We next created 2 polygenic risk scores of HRR from prior published GWAS to examine its association with HRRpred. After adjustment for age, sex, array, and 5 principal components, we found that HRR polygenic risk scores were associated with HRRpred (P = 1.6 × 10-15 for SNPs identified in Ramirez and colleagues25; P = 3.2 × 10-31 for 22 SNPs in Verweij and colleagues24, Supplemental Figure 5). Further, we constructed a polygenic risk score for HRRpred, and found associations with incident diabetes (HR per 1 SD increase in polygenic risk score 0.97, 95% CI 0.96–0.99, P = 4.1 × 10-5) but not heart failure (P = .43), mirroring previous trait analyses.
Discussion
Our study demonstrates that a deep learning model of resting ECG tracings can estimate HRR, an important measure of cardiac autonomic dysfunction that usually requires exercise provocation testing to ascertain. While HRRpred was only moderately correlated with actual HRR, it was independently associated with incident clinical outcomes, including new-onset diabetes and all-cause mortality. Specifically, individuals with impaired HRRpred had a more than 80% greater risk of future diabetes and 27% greater risk of death even after accounting for clinical risk factors including resting heart rate. Lastly, the genetic correlates of HRRpred include known heart rate, cardiac conduction system, cardiomyopathy, and metabolic trait loci. Taken together, these findings support the idea that artificial intelligence–enhanced interpretation of a resting ECG may serve as a proxy for HRR and lend insights into the association of cardiac autonomic dysfunction with clinical outcomes. The ability to infer postexercise heart rate response using widely scalable methods from a resting ECG harbors potential clinical implications, although utility with respect to potential screening, identification of at-risk individuals, and impact on preventive strategies will require further study.

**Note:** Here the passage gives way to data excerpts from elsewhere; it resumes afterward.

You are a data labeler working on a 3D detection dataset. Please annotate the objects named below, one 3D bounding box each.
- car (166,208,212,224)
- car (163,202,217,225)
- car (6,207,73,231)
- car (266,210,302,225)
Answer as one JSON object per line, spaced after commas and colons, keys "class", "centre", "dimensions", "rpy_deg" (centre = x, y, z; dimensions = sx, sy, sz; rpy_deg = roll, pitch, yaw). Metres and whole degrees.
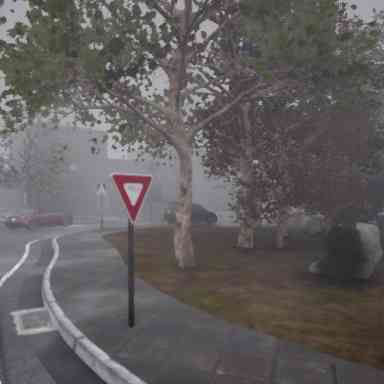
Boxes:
{"class": "car", "centre": [-0.247, 2.507, 34.446], "dimensions": [4.892, 1.490, 1.837], "rpy_deg": [5, -4, -45]}
{"class": "car", "centre": [-0.074, 2.029, 30.371], "dimensions": [5.566, 2.045, 2.150], "rpy_deg": [5, -4, -45]}
{"class": "car", "centre": [-9.845, 1.675, 21.779], "dimensions": [1.994, 1.385, 4.181], "rpy_deg": [0, -1, 25]}
{"class": "car", "centre": [11.055, 3.316, 40.773], "dimensions": [5.008, 1.535, 1.882], "rpy_deg": [5, -4, -43]}
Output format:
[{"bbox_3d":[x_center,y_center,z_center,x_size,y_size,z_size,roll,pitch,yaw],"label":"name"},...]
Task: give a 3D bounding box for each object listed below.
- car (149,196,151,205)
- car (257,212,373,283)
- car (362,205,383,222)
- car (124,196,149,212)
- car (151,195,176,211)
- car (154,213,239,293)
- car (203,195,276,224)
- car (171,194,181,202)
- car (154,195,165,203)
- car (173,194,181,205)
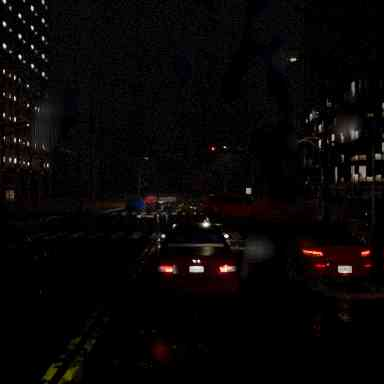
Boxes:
[{"bbox_3d":[-6.687,1.418,54.208,1.882,1.535,5.008,0,0,0],"label":"car"},{"bbox_3d":[3.334,1.522,9.559,1.812,1.442,4.674,0,0,0],"label":"car"},{"bbox_3d":[16.075,1.617,26.858,4.181,1.385,1.994,0,0,1],"label":"car"},{"bbox_3d":[-6.664,1.447,38.948,1.882,1.535,5.008,0,0,0],"label":"car"},{"bbox_3d":[-3.376,1.459,39.934,2.128,1.511,4.902,0,0,-1],"label":"car"},{"bbox_3d":[0.085,1.544,8.974,2.033,1.411,5.357,0,0,0],"label":"car"},{"bbox_3d":[3.524,1.234,25.177,5.566,2.045,2.150,0,1,27],"label":"car"},{"bbox_3d":[-3.531,1.251,72.404,2.097,1.767,4.553,0,0,-2],"label":"car"},{"bbox_3d":[-6.708,1.384,69.582,1.882,1.535,5.008,0,0,-1],"label":"car"},{"bbox_3d":[-3.438,1.481,57.153,2.033,1.411,5.357,0,0,0],"label":"car"}]
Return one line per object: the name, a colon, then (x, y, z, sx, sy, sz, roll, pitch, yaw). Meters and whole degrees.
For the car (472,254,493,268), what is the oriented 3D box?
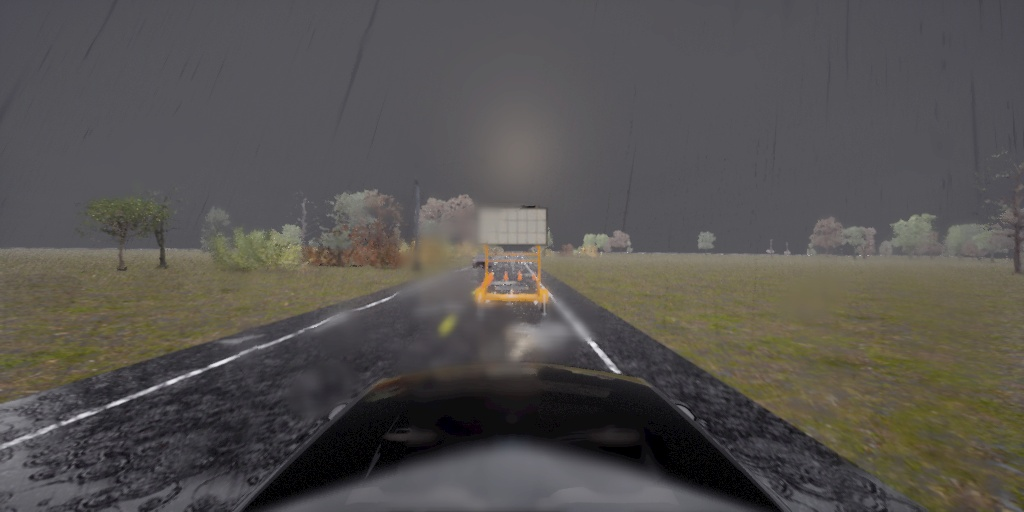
car: (-3.409, 0.505, 42.206, 2.097, 1.767, 4.553, 0, 1, 1)

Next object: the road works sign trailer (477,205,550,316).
road works sign trailer: (0.029, 0.054, 12.497, 2.380, 3.560, 2.880, 0, 0, -1)
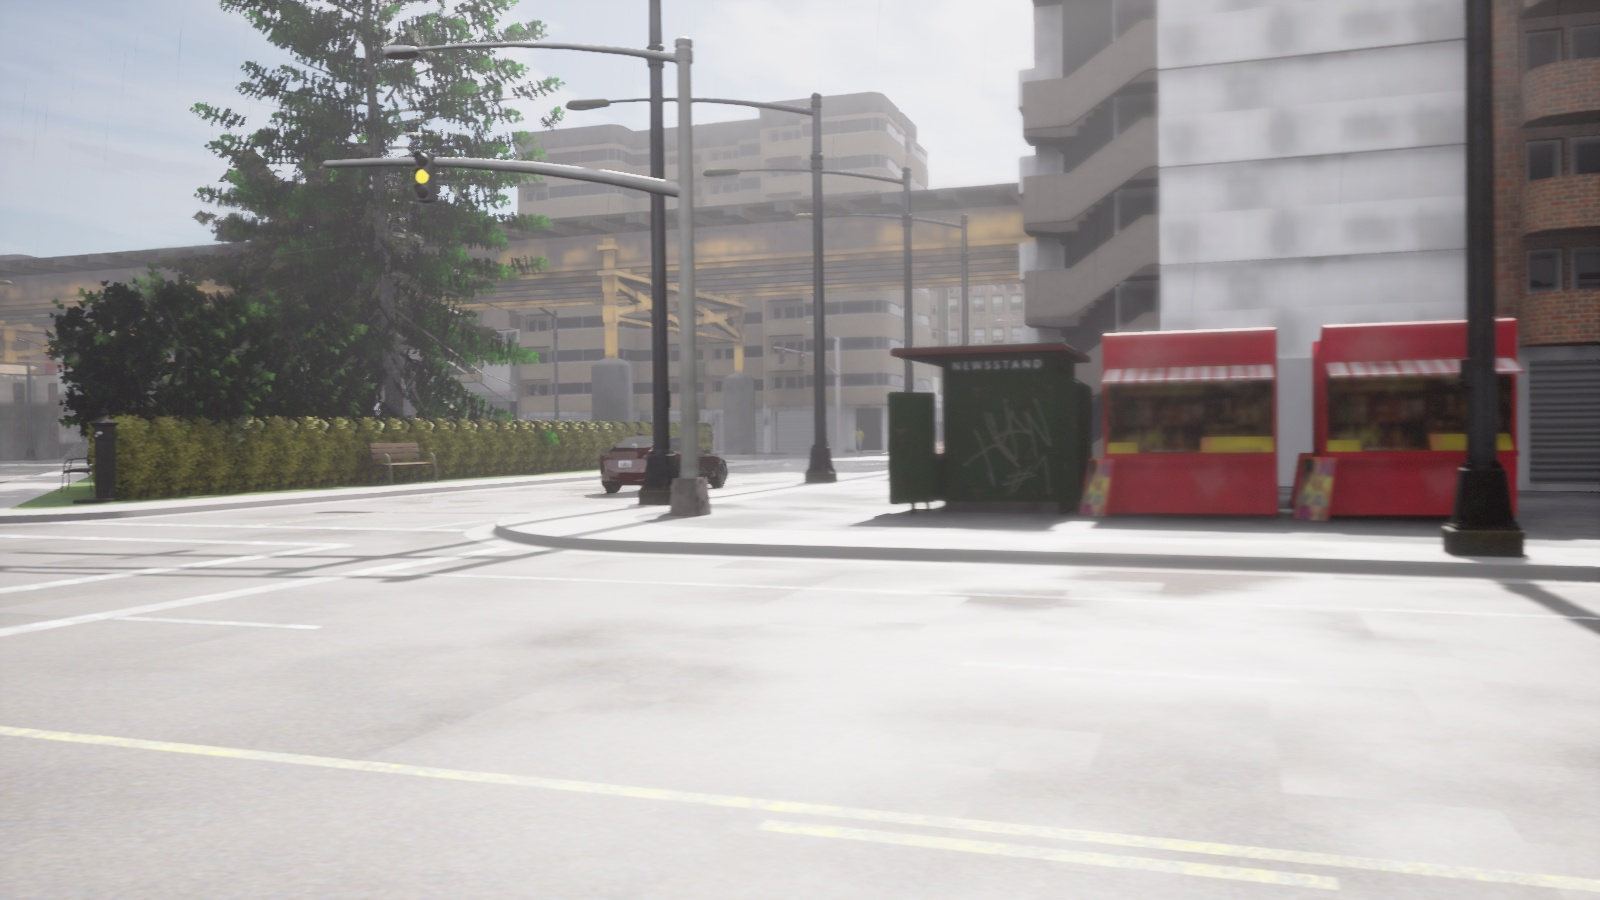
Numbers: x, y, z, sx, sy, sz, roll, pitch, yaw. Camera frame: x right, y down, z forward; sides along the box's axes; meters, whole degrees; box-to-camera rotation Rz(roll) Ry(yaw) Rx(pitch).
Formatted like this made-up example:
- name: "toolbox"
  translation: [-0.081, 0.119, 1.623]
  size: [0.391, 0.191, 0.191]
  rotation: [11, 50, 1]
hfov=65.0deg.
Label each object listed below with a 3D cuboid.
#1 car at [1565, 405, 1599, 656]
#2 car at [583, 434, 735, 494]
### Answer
- name: "car"
  translation: [7.743, 0.591, 7.972]
  size: [4.553, 1.767, 2.097]
  rotation: [1, 1, 19]
- name: "car"
  translation: [-3.630, 0.317, 33.415]
  size: [2.163, 1.488, 4.792]
  rotation: [0, 1, 19]
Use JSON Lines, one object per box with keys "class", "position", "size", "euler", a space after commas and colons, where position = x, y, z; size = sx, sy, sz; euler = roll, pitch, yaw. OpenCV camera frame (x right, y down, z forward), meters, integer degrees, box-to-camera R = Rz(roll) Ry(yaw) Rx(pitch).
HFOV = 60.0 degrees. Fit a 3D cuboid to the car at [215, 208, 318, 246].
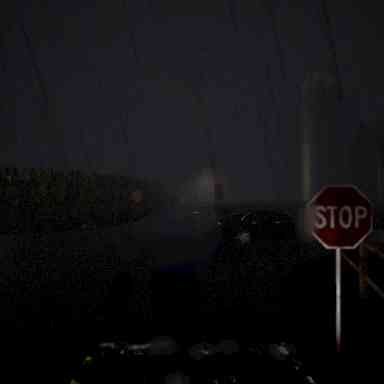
{"class": "car", "position": [3.447, 1.478, 14.597], "size": [4.892, 1.490, 1.837], "euler": [-1, -1, -3]}
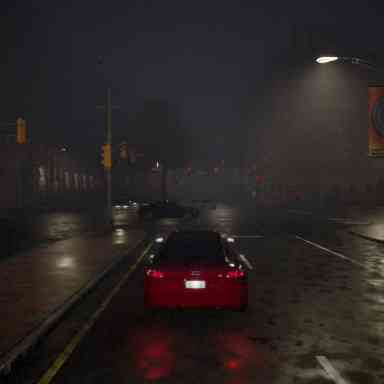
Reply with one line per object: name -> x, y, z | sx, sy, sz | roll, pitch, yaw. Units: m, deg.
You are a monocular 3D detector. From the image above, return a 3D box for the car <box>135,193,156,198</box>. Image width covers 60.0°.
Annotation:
car -> -8.109, 1.221, 58.610 | 2.150, 2.045, 5.566 | 0, 0, 0

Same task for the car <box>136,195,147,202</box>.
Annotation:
car -> -11.538, 1.478, 76.608 | 1.882, 1.535, 5.008 | 0, 0, 0

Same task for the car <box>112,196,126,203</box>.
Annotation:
car -> -14.783, 1.595, 67.851 | 1.895, 1.301, 4.718 | 0, 0, 0

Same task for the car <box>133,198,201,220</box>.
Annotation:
car -> -1.958, 1.478, 27.394 | 5.008, 1.535, 1.882 | 0, 0, 0

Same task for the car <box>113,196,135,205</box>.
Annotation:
car -> -11.610, 1.564, 56.895 | 1.994, 1.385, 4.181 | 0, 0, 0

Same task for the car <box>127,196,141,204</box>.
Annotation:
car -> -11.559, 1.564, 66.189 | 1.994, 1.385, 4.181 | 0, 0, 0

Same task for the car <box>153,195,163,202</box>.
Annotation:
car -> -8.039, 1.500, 78.613 | 1.837, 1.490, 4.892 | 0, 0, 0

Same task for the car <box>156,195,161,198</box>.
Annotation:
car -> -8.038, 1.601, 68.409 | 1.895, 1.301, 4.718 | 0, 0, 0

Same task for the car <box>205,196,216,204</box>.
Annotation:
car -> 3.568, 1.526, 65.315 | 1.812, 1.442, 4.674 | 0, 0, 0

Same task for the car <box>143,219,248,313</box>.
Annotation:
car -> 0.071, 1.564, 7.746 | 1.994, 1.385, 4.181 | 0, 0, 0

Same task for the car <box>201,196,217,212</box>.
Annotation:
car -> 1.137, 1.526, 39.106 | 1.812, 1.442, 4.674 | 1, 0, 36
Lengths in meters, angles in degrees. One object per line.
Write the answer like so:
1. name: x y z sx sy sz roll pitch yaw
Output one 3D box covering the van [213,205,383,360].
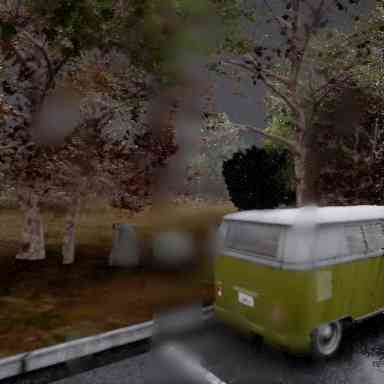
1. van: 2.582 1.260 5.897 4.442 1.987 1.878 0 0 -33
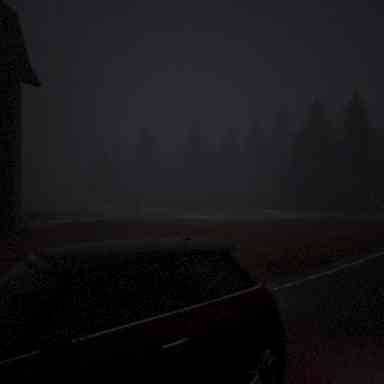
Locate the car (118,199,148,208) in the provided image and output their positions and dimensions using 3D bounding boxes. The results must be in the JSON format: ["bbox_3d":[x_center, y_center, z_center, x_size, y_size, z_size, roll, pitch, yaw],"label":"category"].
[{"bbox_3d":[-9.084,1.706,50.846,4.718,1.301,1.895,0,0,32],"label":"car"}]

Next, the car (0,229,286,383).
[{"bbox_3d":[-1.162,1.358,3.312,4.553,1.767,2.097,0,0,-37],"label":"car"}]
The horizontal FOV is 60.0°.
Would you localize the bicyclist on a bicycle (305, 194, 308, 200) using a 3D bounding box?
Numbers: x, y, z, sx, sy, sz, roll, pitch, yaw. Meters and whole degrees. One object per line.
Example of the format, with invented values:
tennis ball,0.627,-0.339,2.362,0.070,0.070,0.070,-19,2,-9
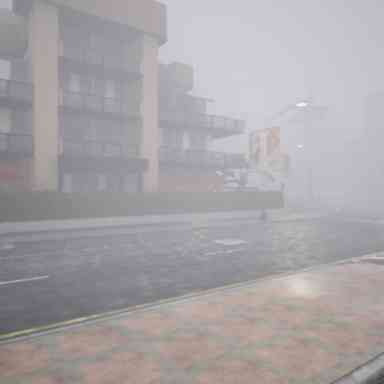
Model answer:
bicyclist on a bicycle,21.633,1.206,62.166,1.656,1.620,0.582,0,0,-35
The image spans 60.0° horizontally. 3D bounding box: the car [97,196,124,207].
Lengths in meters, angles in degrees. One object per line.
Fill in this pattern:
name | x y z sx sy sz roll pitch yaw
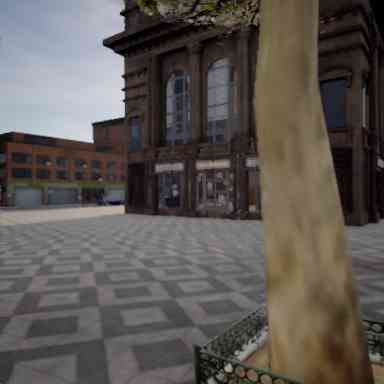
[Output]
car | -13.171 1.466 54.062 2.097 1.767 4.553 0 0 36
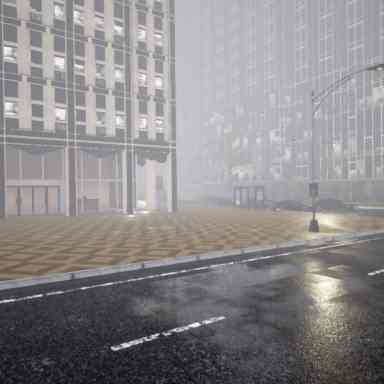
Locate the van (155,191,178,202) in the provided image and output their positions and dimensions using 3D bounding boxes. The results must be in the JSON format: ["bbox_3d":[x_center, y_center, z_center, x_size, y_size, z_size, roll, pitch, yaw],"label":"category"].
[{"bbox_3d":[-4.790,0.936,59.093,1.690,1.788,3.998,0,1,-35],"label":"van"}]

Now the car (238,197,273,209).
[{"bbox_3d":[8.008,1.388,40.309,1.802,1.307,4.206,0,1,-35],"label":"car"}]

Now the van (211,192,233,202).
[{"bbox_3d":[5.335,0.855,59.162,1.690,1.788,3.998,0,1,-35],"label":"van"}]

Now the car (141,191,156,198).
[{"bbox_3d":[-10.779,0.685,82.571,1.967,1.590,4.097,0,1,-35],"label":"car"}]

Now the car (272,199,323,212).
[{"bbox_3d":[11.217,1.423,35.615,1.947,1.339,4.313,0,1,-35],"label":"car"}]

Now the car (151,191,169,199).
[{"bbox_3d":[-7.556,0.614,77.888,2.192,1.841,5.009,0,1,-35],"label":"car"}]

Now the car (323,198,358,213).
[{"bbox_3d":[14.976,1.364,34.936,1.812,1.442,4.674,-1,1,-34],"label":"car"}]

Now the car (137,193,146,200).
[{"bbox_3d":[-11.236,1.039,68.459,2.008,1.369,4.403,0,1,-35],"label":"car"}]

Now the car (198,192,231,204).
[{"bbox_3d":[3.688,1.205,51.348,2.033,1.411,5.357,-1,1,-34],"label":"car"}]

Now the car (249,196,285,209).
[{"bbox_3d":[9.578,1.316,42.773,1.994,1.385,4.181,-1,1,-35],"label":"car"}]

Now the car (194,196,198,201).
[{"bbox_3d":[2.113,1.043,63.846,1.802,1.307,4.206,0,1,-35],"label":"car"}]

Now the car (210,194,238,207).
[{"bbox_3d":[4.833,1.319,45.023,1.947,1.339,4.313,0,1,-35],"label":"car"}]
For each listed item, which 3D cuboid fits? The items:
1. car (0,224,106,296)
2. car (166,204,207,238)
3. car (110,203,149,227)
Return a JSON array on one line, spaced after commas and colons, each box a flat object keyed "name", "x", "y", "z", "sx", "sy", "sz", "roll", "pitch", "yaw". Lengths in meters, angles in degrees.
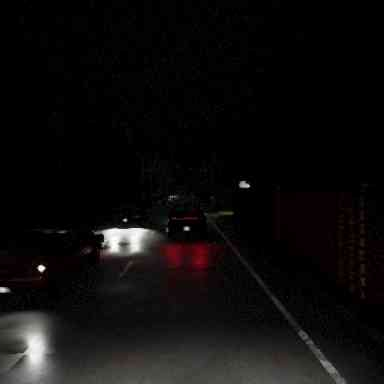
[{"name": "car", "x": -3.723, "y": 1.581, "z": 8.682, "sx": 1.895, "sy": 1.301, "sz": 4.718, "roll": -1, "pitch": 0, "yaw": -1}, {"name": "car", "x": -0.272, "y": 1.356, "z": 16.855, "sx": 2.128, "sy": 1.511, "sz": 4.902, "roll": -1, "pitch": 0, "yaw": -1}, {"name": "car", "x": -3.937, "y": 1.439, "z": 21.425, "sx": 1.994, "sy": 1.385, "sz": 4.181, "roll": -1, "pitch": 0, "yaw": -1}]
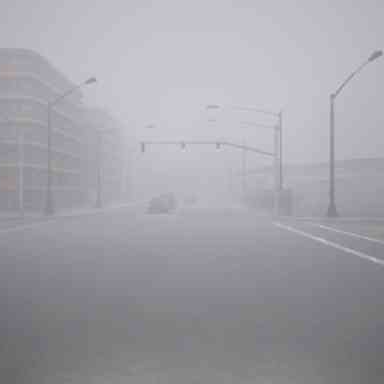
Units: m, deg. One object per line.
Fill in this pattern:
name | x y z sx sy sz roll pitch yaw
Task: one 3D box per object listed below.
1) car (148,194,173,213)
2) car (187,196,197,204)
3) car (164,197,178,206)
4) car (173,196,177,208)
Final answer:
car | -3.592 1.385 36.877 2.097 1.767 4.553 0 0 0
car | -0.003 1.550 65.142 2.128 1.511 4.902 0 0 0
car | -3.503 1.614 56.336 1.994 1.385 4.181 0 0 0
car | -3.553 1.262 46.470 2.150 2.045 5.566 0 0 0
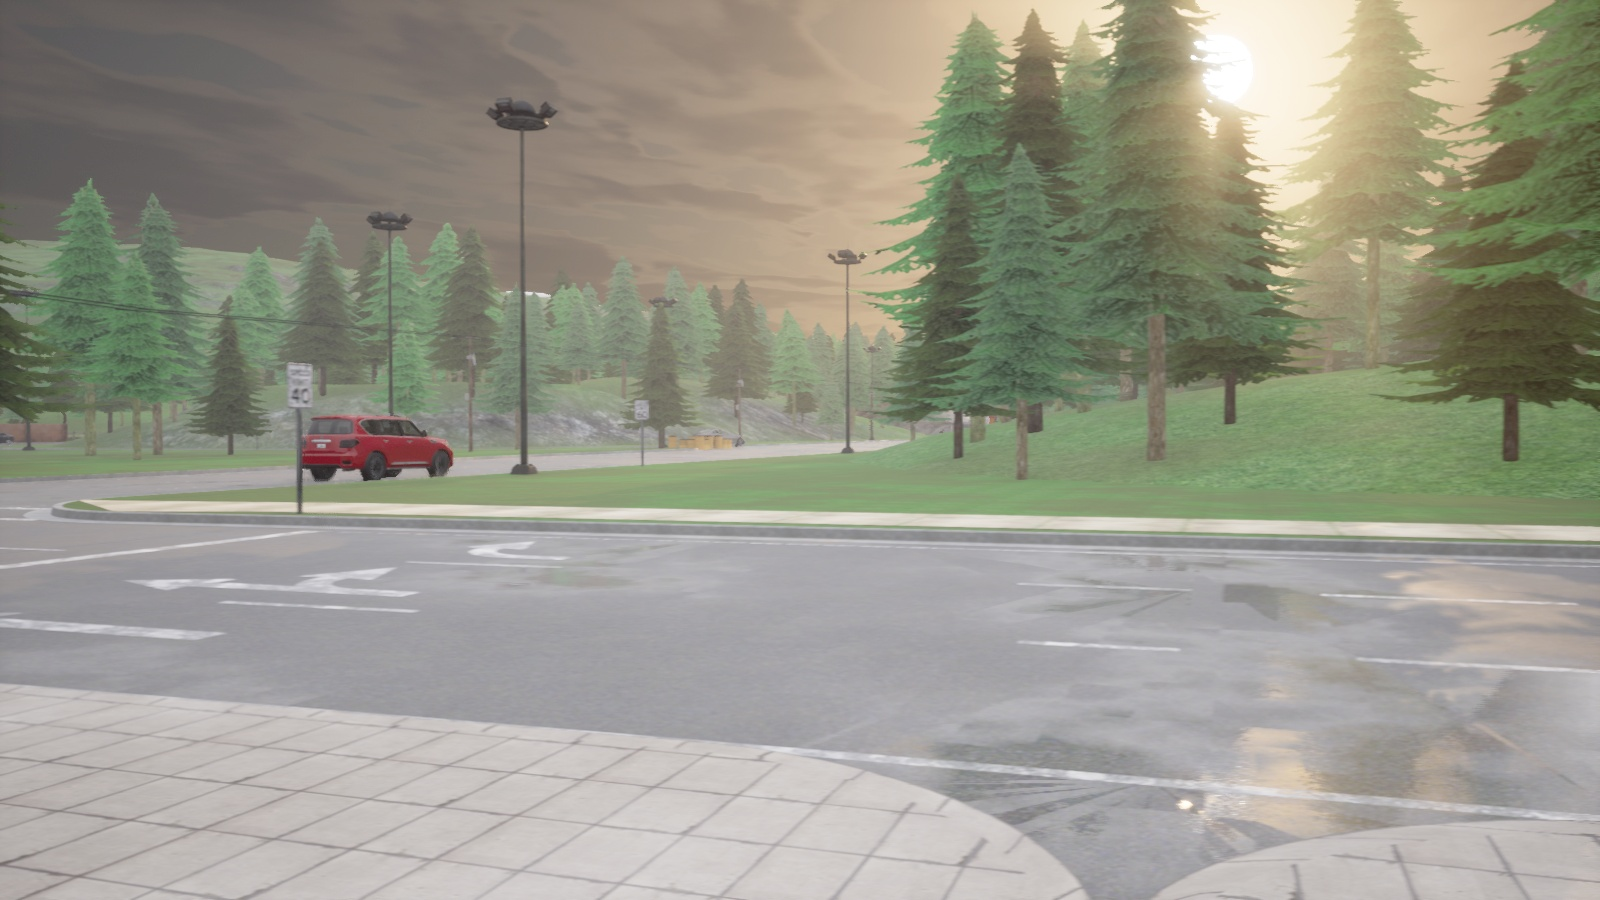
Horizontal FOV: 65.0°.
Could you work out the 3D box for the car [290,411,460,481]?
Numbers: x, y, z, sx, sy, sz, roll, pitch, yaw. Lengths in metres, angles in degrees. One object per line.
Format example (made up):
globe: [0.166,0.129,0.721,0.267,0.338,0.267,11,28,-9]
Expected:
car: [-13.351,-0.173,39.922,2.150,2.045,5.566,1,1,19]
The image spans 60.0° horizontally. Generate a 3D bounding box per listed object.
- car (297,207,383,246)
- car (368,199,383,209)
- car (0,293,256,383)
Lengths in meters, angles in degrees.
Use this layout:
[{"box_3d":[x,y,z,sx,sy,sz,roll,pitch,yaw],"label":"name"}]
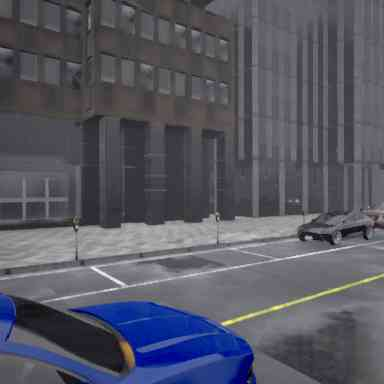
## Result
[{"box_3d":[6.687,1.565,15.285,4.313,1.339,1.947,0,0,-35],"label":"car"},{"box_3d":[11.275,1.314,18.559,5.009,1.841,2.192,0,0,-35],"label":"car"},{"box_3d":[-1.704,1.477,2.218,5.008,1.535,1.882,0,0,-35],"label":"car"}]
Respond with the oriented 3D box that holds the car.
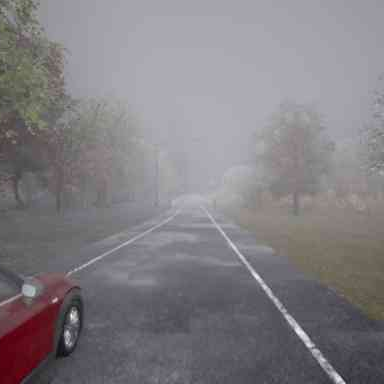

Recent studies have demonstrated the potential value of deep learning methods including CNNs applied to the ECG, which have enabled detection of silent or future atrial fibrillation, asymptomatic left ventricular systolic dysfunction, and overall survival, among other health conditions.10,36, 37, 38 CNNs in particular enable the application of a sequence of learned spatial filters (convolutions) to data and have proven effective on time series data including ECG tracings. By extracting complex and subtle information contained within the ECG, these methods have the potential to enhance human ECG interpretation in a meaningful way. We now show that a deep learning model can infer postexercise HRR from a resting ECG, and that predicted HRR is strongly and independently associated with clinical outcomes. We note that resting ECGs are scalable and widely available across health systems, and that continued advances in wearable ECG monitors may expand potential applicability even further. Whether deployment of deep learning inferences on HRR as an important measure of cardiac autonomic dysfunction may be used as a screening tool remains unknown, though this concept is well supported by a recent pragmatic, randomized clinical trial that demonstrated that an artificial intelligence–enabled ECG algorithm was feasibly deployed within the primary care setting and enabled early diagnosis of patients with a reduced ejection fraction.37
The clinical importance of HRR has long been recognized, with known associations with all-cause mortality and sudden cardiac death among relatively healthy adults.3,4 More importantly, these associations appear independent of exercise workload, change in heart rate, or use of beta-blockers. Prognostic value has also been demonstrated across individuals with heart failure and left ventricular systolic dysfunction.5,6 Although HRRpred is related to resting heart rate, we found that associations with clinical outcomes appear to be robust even after accounting for resting heart rate in our study, underlining the potential additive prognostic information contained within HRRpred. In addition to all-cause mortality, we find that HRRpred is strongly and independently associated with future risk of diabetes mellitus. This mirrors prior clinical studies showing that heart rate–related measures of autonomic dysfunction were associated longitudinally with incident diabetes.39,40 Interestingly, measures of autonomic dysfunction including HRR improved among individuals randomized to the lifestyle modification group in the Diabetes Prevention Program, and were associated with lower risk of diabetes development independent of weight change.41 These findings highlight the clinical importance of HRR as an early harbinger of cardiometabolic disease and the future potential of HRRpred in this context as a widely available screening tool.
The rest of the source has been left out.